夫馬さん: 弊社は2013年に創業し、現在、サステナビリティ経営やESG投資に関する二つの事業を進めています。ひとつめが、主に国内の大手企業をクライアントとする投資や経営についてのコンサルティングです。そしてもうひとつが、サステナブルやESGに関する最新情報を提供する『Sustainable Japan』というニュースサイトの運営です。官公庁、業界団体、金融機関、大企業、研究者などに読まれることが多いですね。
DOWELL編集部: そのような専門性の高い事業に取組まれている夫馬さんが、今回は『ESG思考』という一般読者に向けた本を出版されました。

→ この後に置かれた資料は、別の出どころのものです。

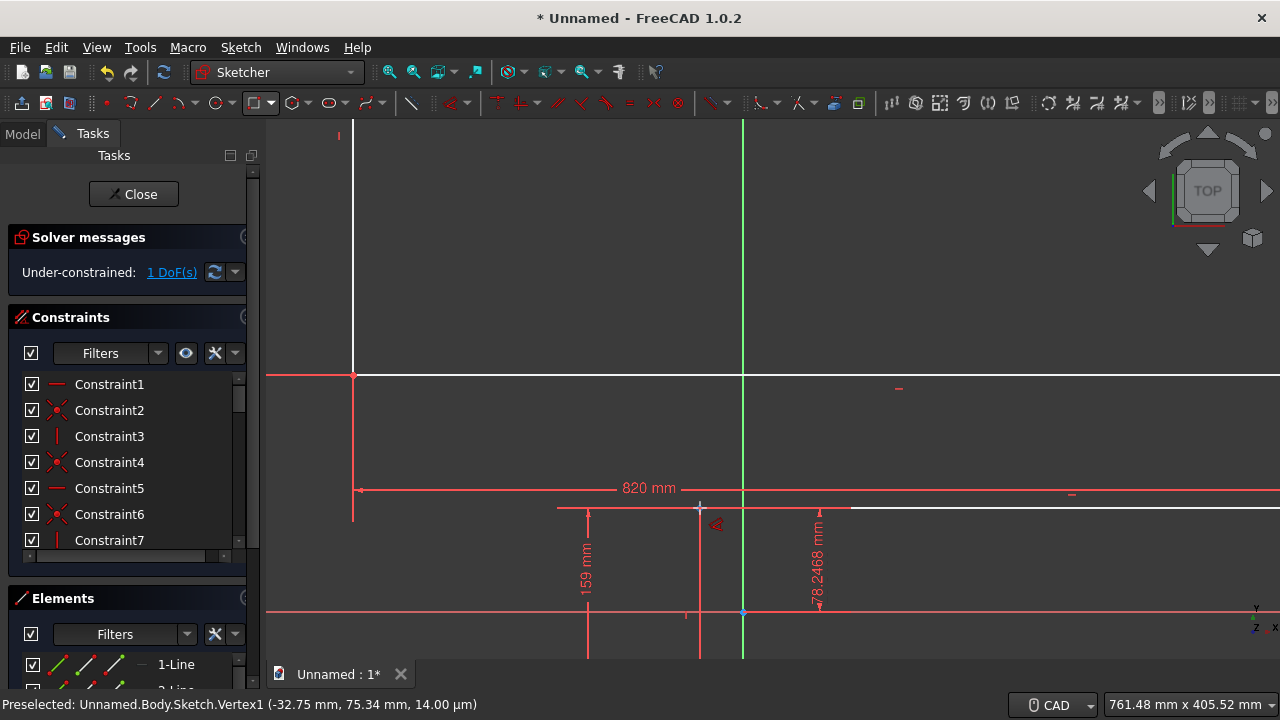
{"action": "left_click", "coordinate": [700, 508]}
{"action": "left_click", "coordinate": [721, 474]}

「ESG」という言葉を聞く機会が増えましたが、「ESG思考」とはどのような思考法なのでしょうか。
夫馬さん: 2010年からの10年間で、世界経済は「オールド資本主義」から「ニュー資本主義」へ加速度をつけて移行していったというのが私の認識で、「ESG思考」というのは「ニュー資本主義」へ進むときに必要となる考え方です。ですから、まず「ニュー資本主義」についてお話しましょう。
「環境と経済」がどのような関係にあるのかを俯瞰的に見ようとしたとき、判断する軸は二つあります。「環境や社会を考慮することが、企業の利益を増やすと考えるか、減らすと考えるのか」という軸と、「企業が環境・社会問題を考慮することに賛成か反対か」という軸です。
そしてこの2軸によって、環境と経済に関する認識パターンが分かれるのですが、その中で「利益が増えるから環境や社会に関する問題などを考慮するべきだ」という考え方が「ニュー資本主義」、「利益が減るから環境問題などを考慮するべきではない」とする考え方を「オールド資本主義」と呼んでいます。
グローバル企業や投資家たちは、「ESG思考」によって、2010年頃から、環境や社会問題への対応は単なるコストと考える「オールド資本主義」から、環境や社会課題を考慮した取組みで利益を生み出す「ニュー資本主義」へと加速度的に移行していきました。